As for the looks Gregor gives his pigeon, they’re increasingly worried. Her health still seems precarious, so he attempts to get her back in shape by varying her diet or taking her for walks along the Hudson and on the beaches of Long Island, to build up her strength with sea air, or, trying out his old theories, with light electric shocks he administers with an ancient dynamo. One fine morning, he even sends her on a vacation, entrusting her to his errand boy—whose parents live in the country—with an absolutely endless list of dos and don’ts. Naturally he hates to part with her, but he’ll try anything to restore her health, which a week of fresh air can only improve. Gregor finds himself dreadfully alone by the end of that morning and spends a long dreary afternoon holed up in his room without managing to work—an increasingly frequent problem—or even read the papers, which he leafs through distractedly. He’s preparing to dine alone in his room a little earlier than usual when a clattering noise at the window makes him turn and she’s there, pecking weakly at the glass, exhausted from flying home on her own. And Gregor’s heart, when he lets her in, is pounding.

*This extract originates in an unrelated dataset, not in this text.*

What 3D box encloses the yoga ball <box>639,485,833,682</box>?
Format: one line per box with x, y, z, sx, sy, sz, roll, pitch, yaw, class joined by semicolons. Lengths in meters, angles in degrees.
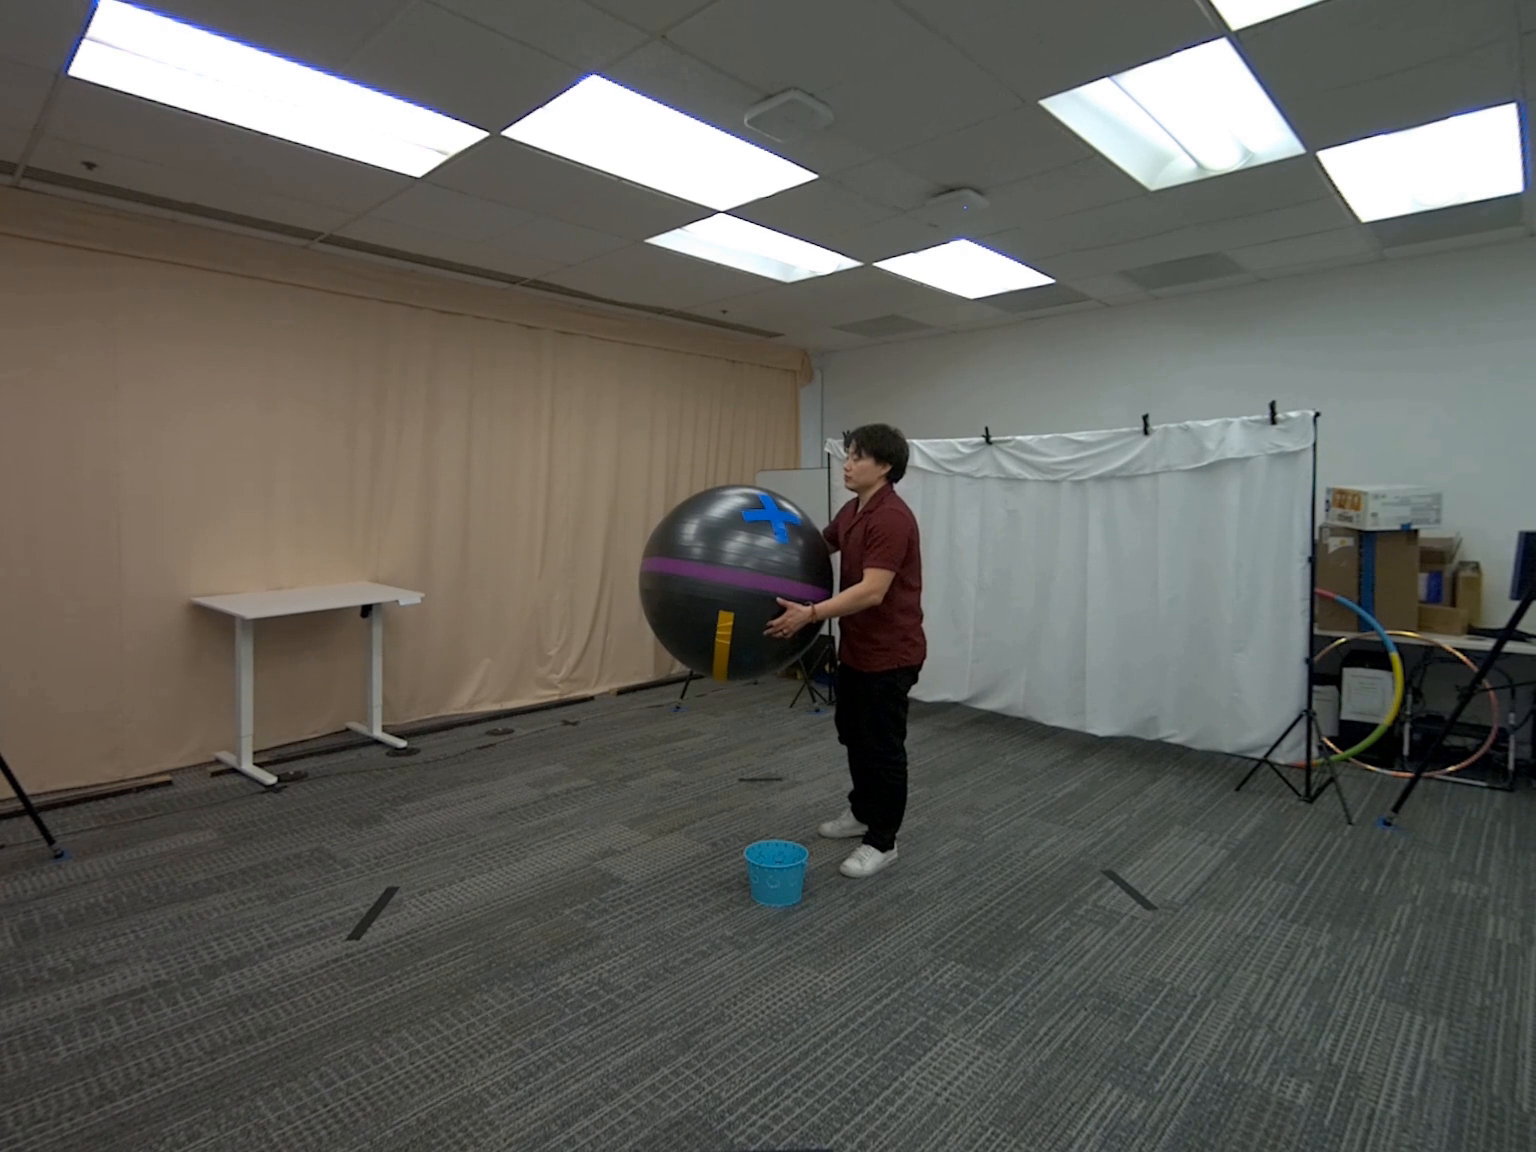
-0.122;0.033;3.293;0.757;0.756;0.761;0;4;-2;yoga ball

In the days that follow, nothing seems to go well, though. Indifferent at times to her food, the bird displays an extreme lassitude and there are moments when she seems dazed, moments soon marked by light coughing that grows hoarser, spasmodic, alarming, and coupled with fevers. In spite of his skill, Gregor must urgently summon a veterinarian. After long auscultations and palpations, a retinal exam, a blood pressure reading, and three taps of the reflex hammer, the doctor looks up at Gregor with doom in his eye. By way of a diagnosis, he slowly shakes his head. Like Madame de Beaumont, author of Beauty and the Beast, and the Lady of the Camellias, the Goncourt brothers’ heroine Germinie Lacerteux, Fantine, Claudia, Francine alias Mimi, and other classic heroines, alas—there is no doubt: the pigeon displays all the symptoms of tuberculosis, and that illness, in those days, was still a sentence of death.